Per tracker, the container's own cgroup memory (the kernel's live byte count, from page.json):
| Tracker | Bytes | ≈ |
|---|---|---|
| aquatic UDP | 227,086,336 | 216.6 MiB |
| aquatic HTTP | 89,366,528 | 85.2 MiB |
The two host-side proxies are similarly small in resident memory: HAProxy about 145 MB, Caddy about 40 MB. Every footprint is flat over 24 hours — average essentially equal to peak, not climbing. Aquatic holds its peer table as a hash map of IP:port entries keyed by info hash and evicts expired peers on a timer, so memory stabilizes at a level set by concurrent peers, not by the total requests ever served.
Normalized against the day's traffic, the tracker footprints work out to about 3.742 MiB per million daily UDP requests and 4.437 MiB per million daily HTTPS requests — HTTPS keeps more state per request, consistent with its heavier exchange. (These ratios are a steady-state comparison, not a growth law: memory follows concurrent peers, which the announce interval and max_peer_age govern.)
Connection tracking
Docker's bridge networking creates a connection-tracking entry for every inbound flow, and an undersized table silently drops packets under tracker load. Sized correctly, it's a non-issue here. Table occupancy averaged about 58,300 over seven days and peaked around 92,950; against the tuned ceiling of 2,097,152 entries, that peak is only ~4.4% of the table.
And the receive path is never overrun: the NIC's rx_missed_errors — packets the kernel never even sees, the one truly unrecoverable loss — were zero across the entire seven days, average, peak, and minimum alike.
The Linux stack
None of this runs on anything exotic. The host is Ubuntu Server 24.04 LTS on bare metal, with mainstream, boring components:
- HAProxy 2.8.16 — TLS termination and SNI/path/Upgrade routing
- Caddy 2.6.2 — static dashboard serving, on a unix socket behind HAProxy
- Docker — the three hardened tracker containers (run as nobody, read-only filesystem, all capabilities dropped, no-new-privileges)
- dnsmasq, iptables/ip6tables (host firewall plus
DOCKER-USERcontainer egress isolation), lego (Let's Encrypt certificates), and collectd (the metrics behind most of the numbers above)
The only kernel tuning that matters for tracker load: the conntrack table sized to 2,097,152 entries (524,288 hash buckets) with timeouts adjusted for tracker flows, the fq_codel default qdisc, raised UDP socket buffers and NIC receive backlog, and IPv4/IPv6 forwarding enabled.

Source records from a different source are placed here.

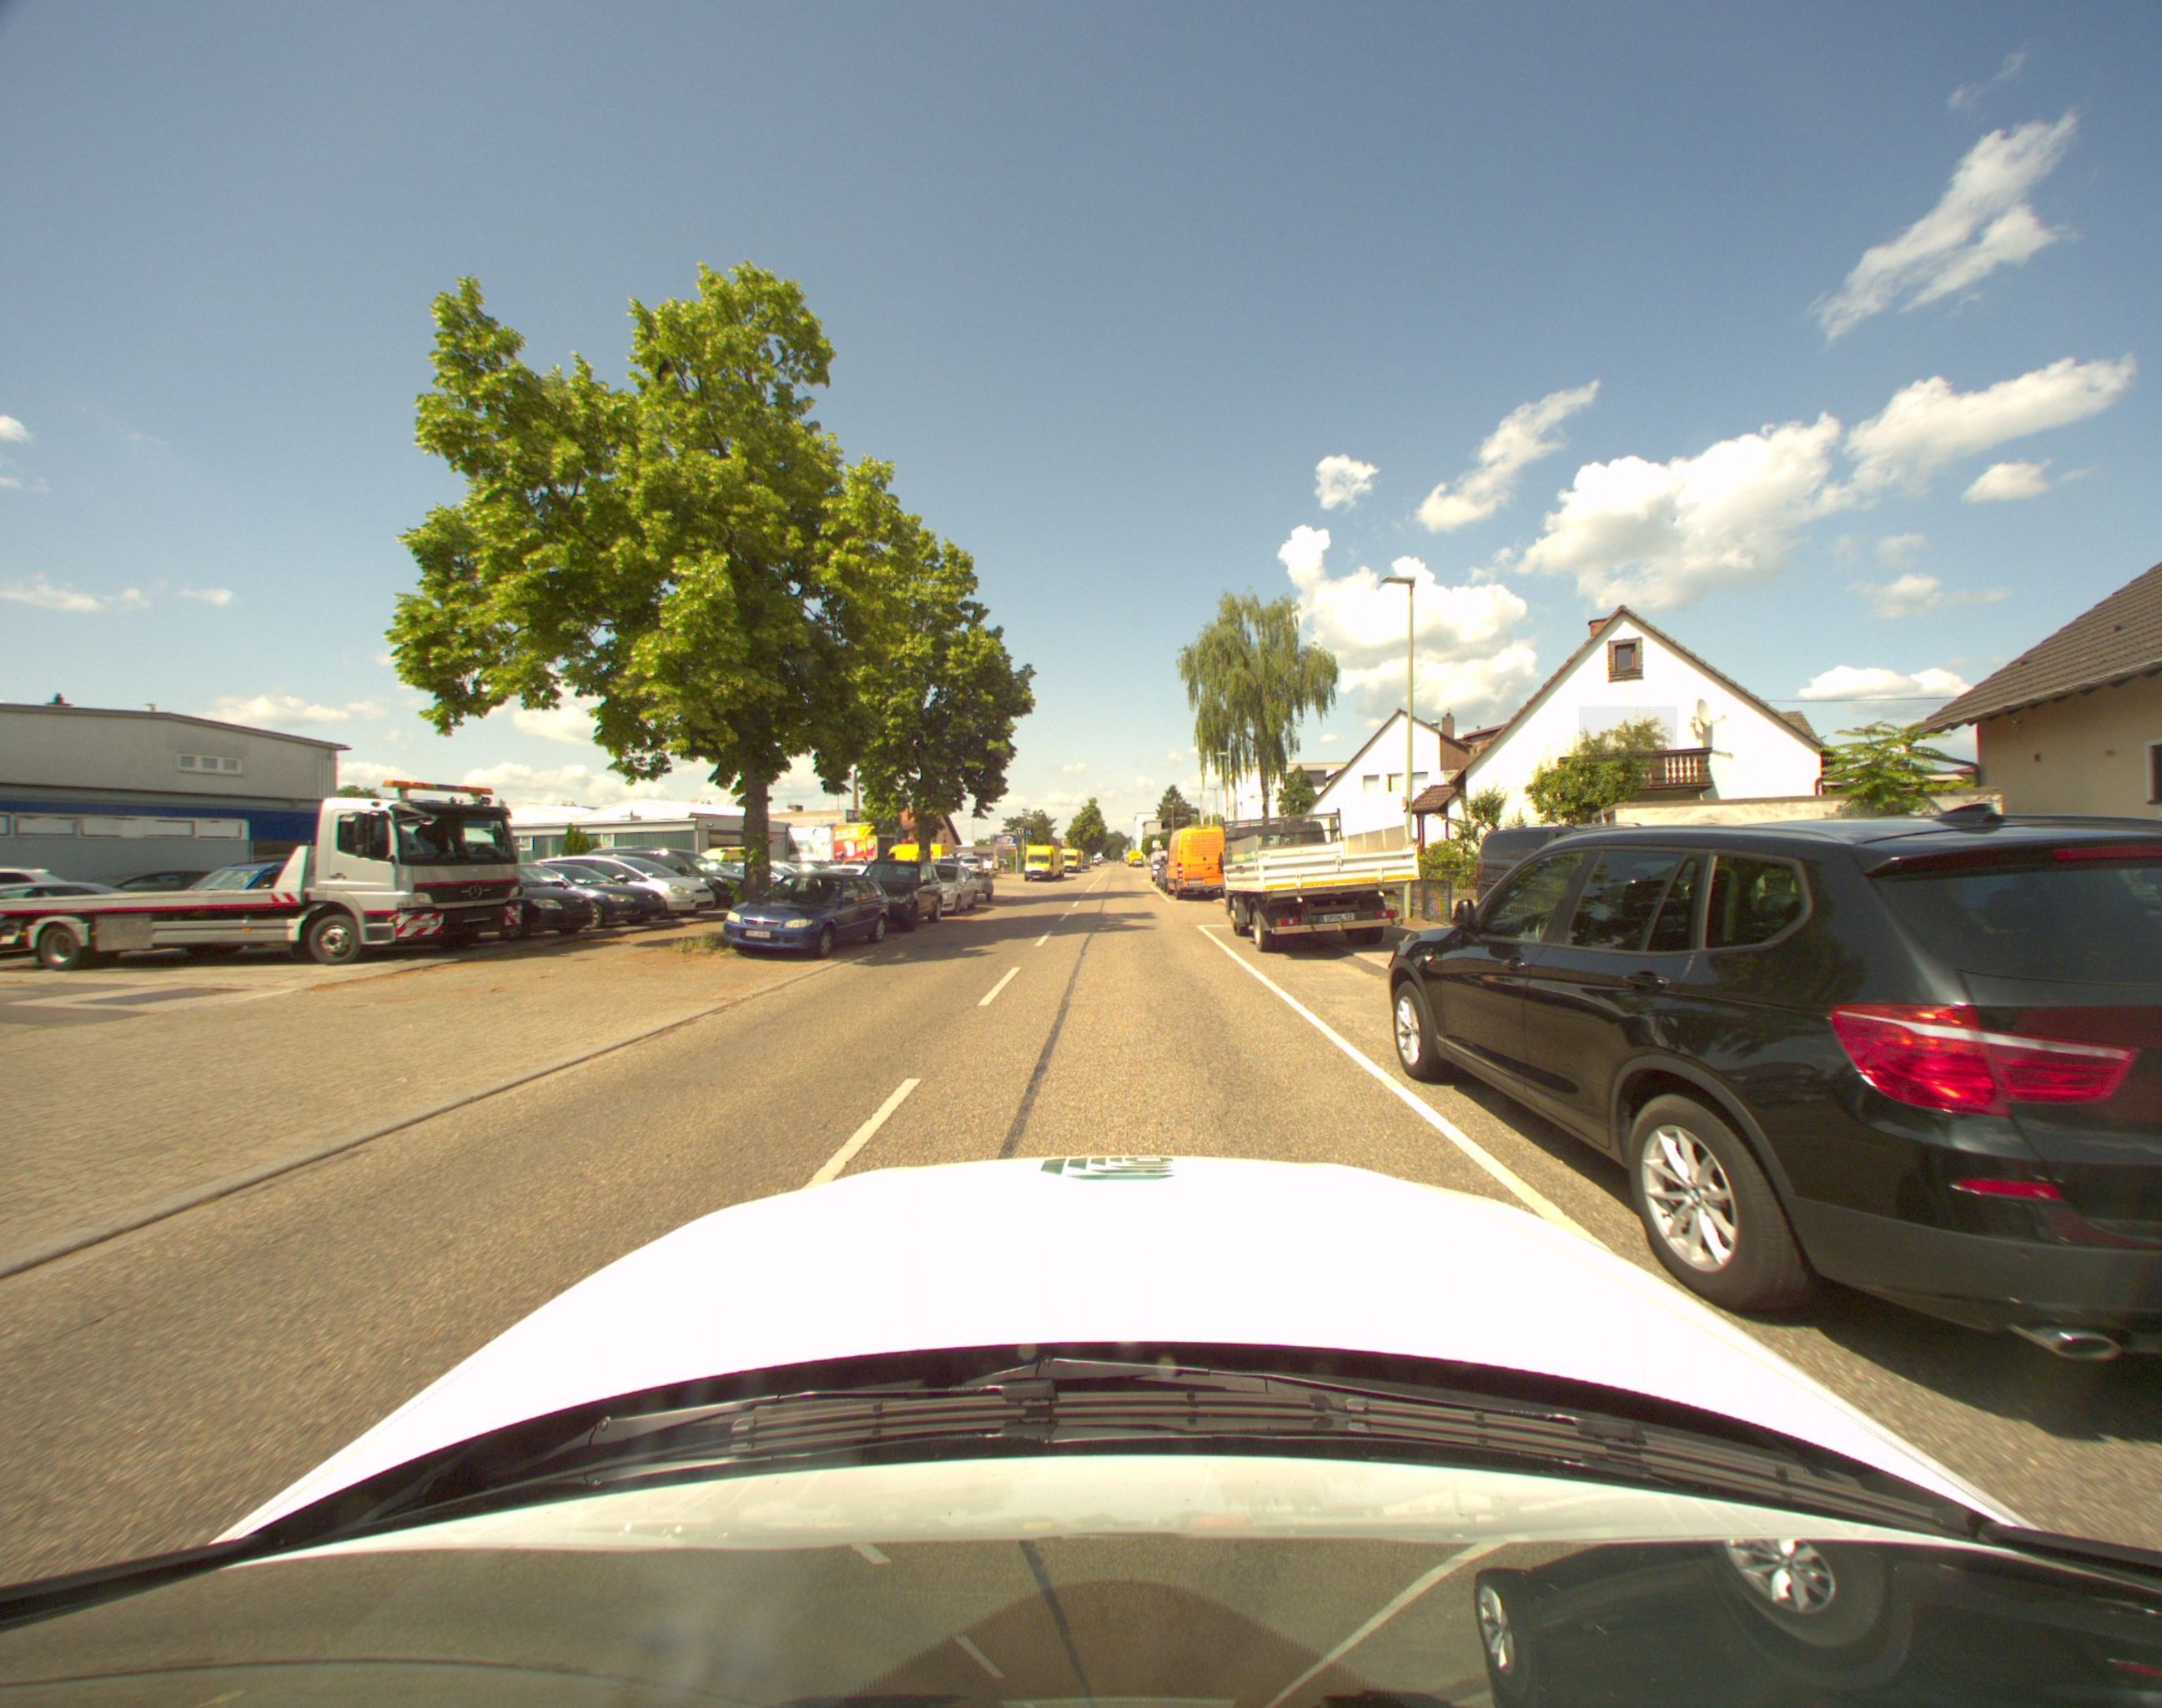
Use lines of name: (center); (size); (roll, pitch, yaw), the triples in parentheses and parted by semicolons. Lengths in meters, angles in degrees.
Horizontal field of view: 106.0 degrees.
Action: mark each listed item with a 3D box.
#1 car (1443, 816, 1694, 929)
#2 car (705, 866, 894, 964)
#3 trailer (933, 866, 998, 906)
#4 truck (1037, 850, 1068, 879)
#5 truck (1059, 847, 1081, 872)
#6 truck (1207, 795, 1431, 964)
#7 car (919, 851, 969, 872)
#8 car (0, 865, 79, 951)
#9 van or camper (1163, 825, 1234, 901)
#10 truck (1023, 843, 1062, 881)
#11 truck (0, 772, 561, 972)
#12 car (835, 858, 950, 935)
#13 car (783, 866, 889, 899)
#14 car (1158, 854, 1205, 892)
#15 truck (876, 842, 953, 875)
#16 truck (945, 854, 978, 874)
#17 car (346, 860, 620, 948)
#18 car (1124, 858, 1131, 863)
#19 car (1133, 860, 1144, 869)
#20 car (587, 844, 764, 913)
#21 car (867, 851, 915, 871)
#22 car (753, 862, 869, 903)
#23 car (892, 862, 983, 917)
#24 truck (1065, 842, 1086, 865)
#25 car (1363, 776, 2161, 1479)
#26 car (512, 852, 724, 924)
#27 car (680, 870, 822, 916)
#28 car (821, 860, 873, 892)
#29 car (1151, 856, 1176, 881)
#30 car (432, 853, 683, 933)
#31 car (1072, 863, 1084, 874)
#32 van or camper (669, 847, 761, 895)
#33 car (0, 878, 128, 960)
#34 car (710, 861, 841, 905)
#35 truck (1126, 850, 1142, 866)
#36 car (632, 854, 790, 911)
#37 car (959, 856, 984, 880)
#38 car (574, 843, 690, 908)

All of it is documented in the Aquatic guide.
Hardware
These costs are what they are because of two things: the request rate above, and the machine underneath. The machine is modeled on a single modest box, bare metal — nothing purpose-built or server-class.
The processor is an Intel Core i7-14700 (Raptor Lake Refresh): 20 cores and 28 threads — eight hyperthreaded performance cores plus twelve efficiency cores — with 33 MB of L3 cache, a peak turbo of 5.4 GHz, and a 65 W base power. A mainstream desktop chip. The whole service uses about a gigabyte of memory.
The network card is a dual-port 10-Gigabit Intel X550-T2. Its value to a tracker isn't the 10-gigabit wire speed — the load above uses a few percent of a single gigabit — but its queues: up to 28 receive and 28 transmit hardware queues per port with Receive Side Scaling, which hashes incoming connections across the queues so packet processing spreads over all 20 cores instead of piling onto one. That is what keeps the softirq load distributed in the CPU figures above; a single-queue card would funnel every interrupt onto one core and cap throughput there.
It bears repeating that this is comfortable headroom, not a requirement. The measured load barely touches the machine, and a far more modest one would carry it without strain — the capable hardware buys years of growth, not a higher bar to entry.